Yatar pozisyona geçtiğimde birden başımın ağrısı ve gözlerimin ağrısı geçti, vücuduma rahatlık geldi ama aynı zamanda midemin kasılması nedeniyle yüzümü buruşturdum. Bacaklarımı kendime çekip ellerimle karnımı tuttum. Ancak geçmedi, bulanmaya devam ettiğinden hemen ayaklandım ve kendimi tutarak, yutkunarak, dişlerimi sıkarak tuvalete girdim. İnsanlar umarım bu sesi duymazlardı ama yapacağım bir şey yoktu. Olabilecek en sessiz şekilde midemin varını yoğunu klozete boşalttım. Ortaya çıkan iğrenç görüntü yine midemi bulandırırken bir daha, safra kustum.

Bedenimi zorla doğrulturken gözlerimi kapatıp sifona basatım ve iki adım ötedeki musluğun önüne geçtim. Suyu açıp ağzımı çalkalarken kollarımla evyeye dayanıyordum. Kollarımdan bacaklarımdan can çekilmişti.

İki dakika kadar orada durup kendime kısmen geldiğimde tuvaletten çıktım, tekrar yerime gidip uzandığımda daha rahat hissediyordum. Bir an önce uçaktan inmek, eve gidip yatmak istiyordum. Bir de annemin yemeklerini yersem daha iyi olacaktım. Uzun zamandır iştahsız olmam hasebiyle yemek yemeyişimden oldukça zayıflamıştım. Zaten zayıf olan bedenim sekiz kilo vermiş, göğsümde kemiklerim sayılıyordu. Yanaklarım, konuşurken içe doğru çukurlaşıyordu. Kendisiyle övündüğün kalçalarım ve baldırlarım gözle görülür şekilde erimişti. El ve ayak bileklerimse incelikten kırılacak gibi durduğu için korkuyor ve dikkatli hareket ediyordum.

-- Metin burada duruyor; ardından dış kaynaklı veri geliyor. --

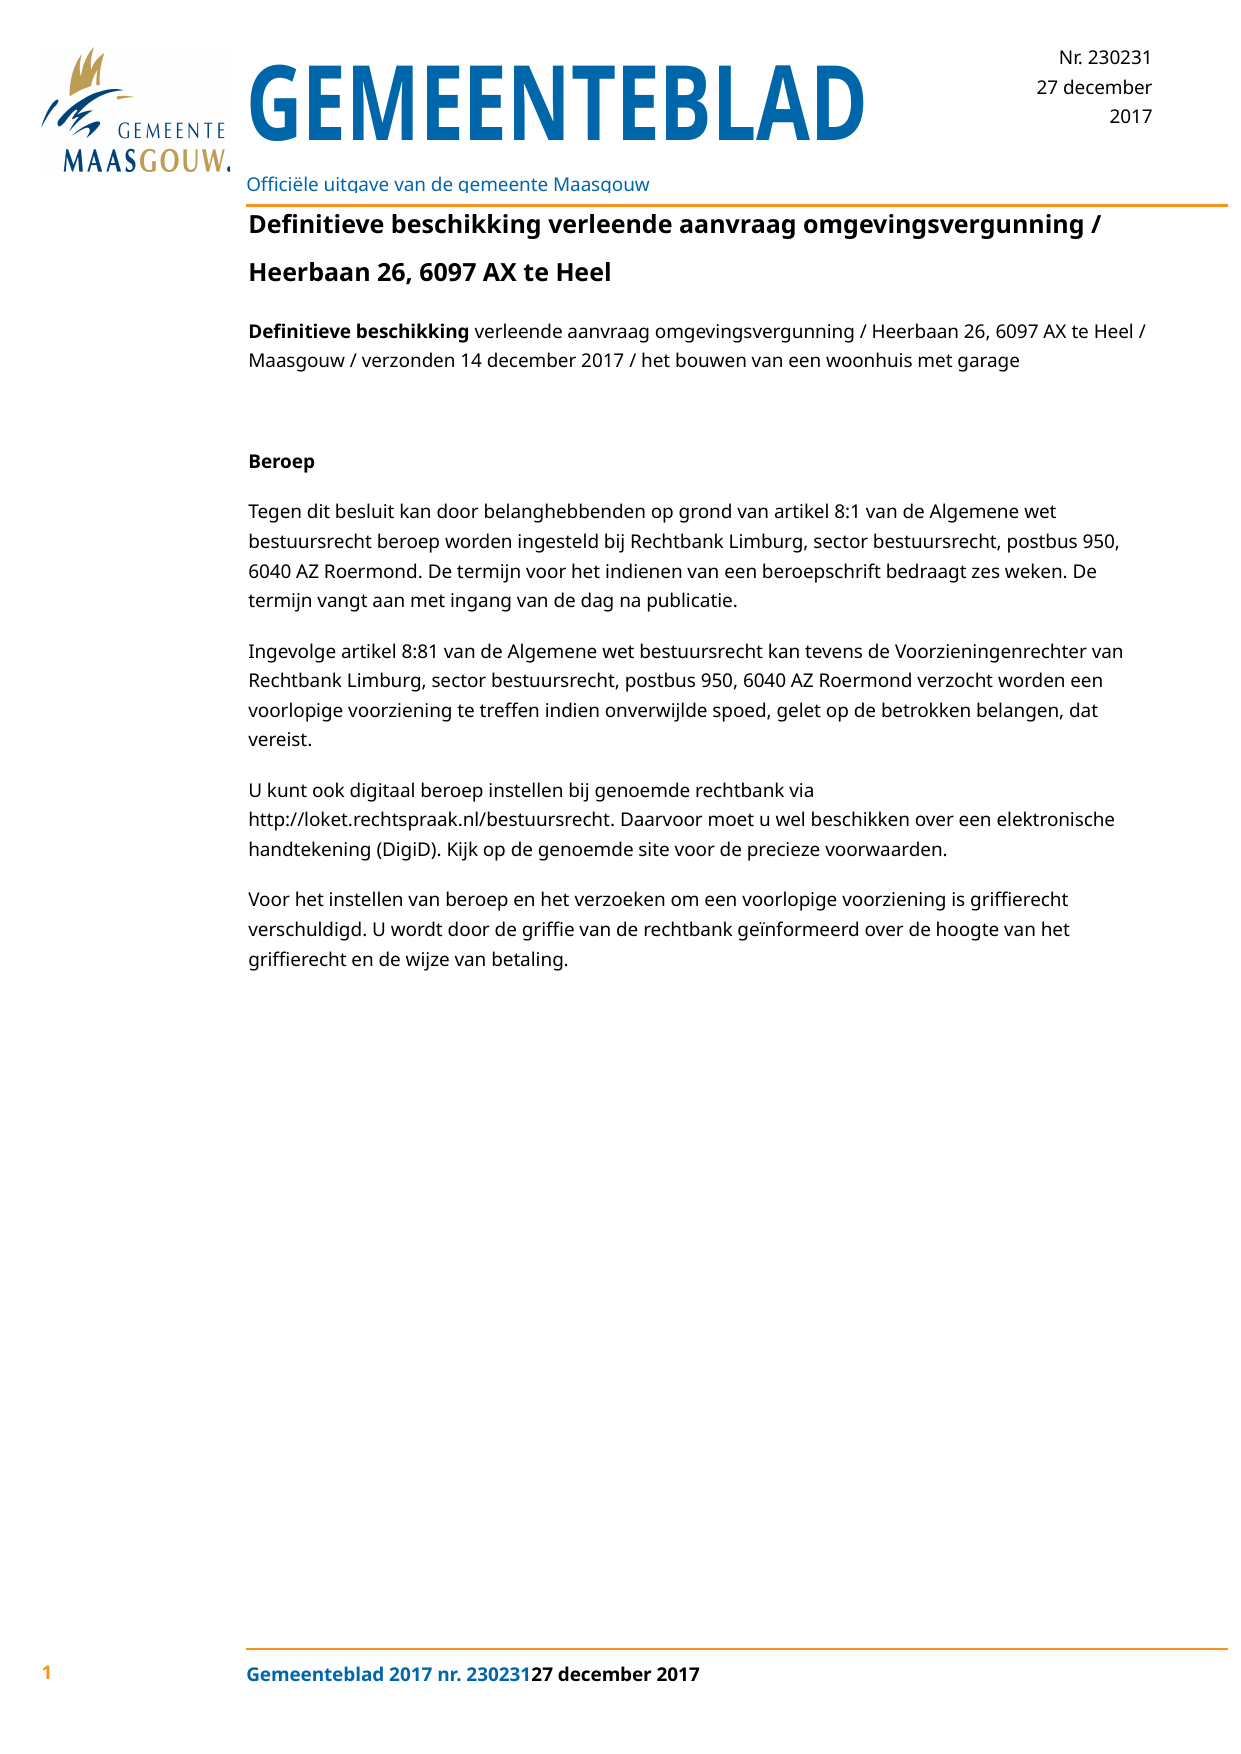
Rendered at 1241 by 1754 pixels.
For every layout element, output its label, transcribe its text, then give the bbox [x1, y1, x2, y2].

Durumuma alıştığım için mi bilmiyorum ama birkaç gündür iyidim, yemek yemek istiyordum, iştahım geliyordu. Şimdi de annemin yemeklerini düşünmek ağzımı sulandırıyordu.

Hafif cenin pozisyonunda yatarken zihnimdeki karmaşık düşünceler ve sorularla birlikte yine uykuya daldım. Bu sefer gerçekten yorgundum ve yatar pozisyonda olduğum için uzunca uyurum diye düşünüyordum ama bana kısa gelen bir uykunun ardından uçağın sallandığını hissetmemle birlikte uyandım. İniyorduk.

Yattığım yeri, dağınıklığı düzenleyip uçağın camından dışarı bakıyordum, neredeyse uçak piste inmek üzereydi. Bende montumu giyip büyük el çantamı kucağıma koyarken bacağımı sallayarak büyük bir sabırsızlıkla inmeyi bekledim. Evime, büyüdüğüm yere bir an önce varmak ve güzel anılarımla deşarj olmak istiyordum.

Nihayet uçaktan inip yolcu karşılama alanına bir büyük bir küçük bavulumla çıktığımda annemi gördüm.

"Hey!" Büyük bir mutlulukla el sallayıp yanıma gelirken gülümsedim. Orta yaşlarda bir kadın gibi durmuyordu, ruhu hâlâ genç kızdı.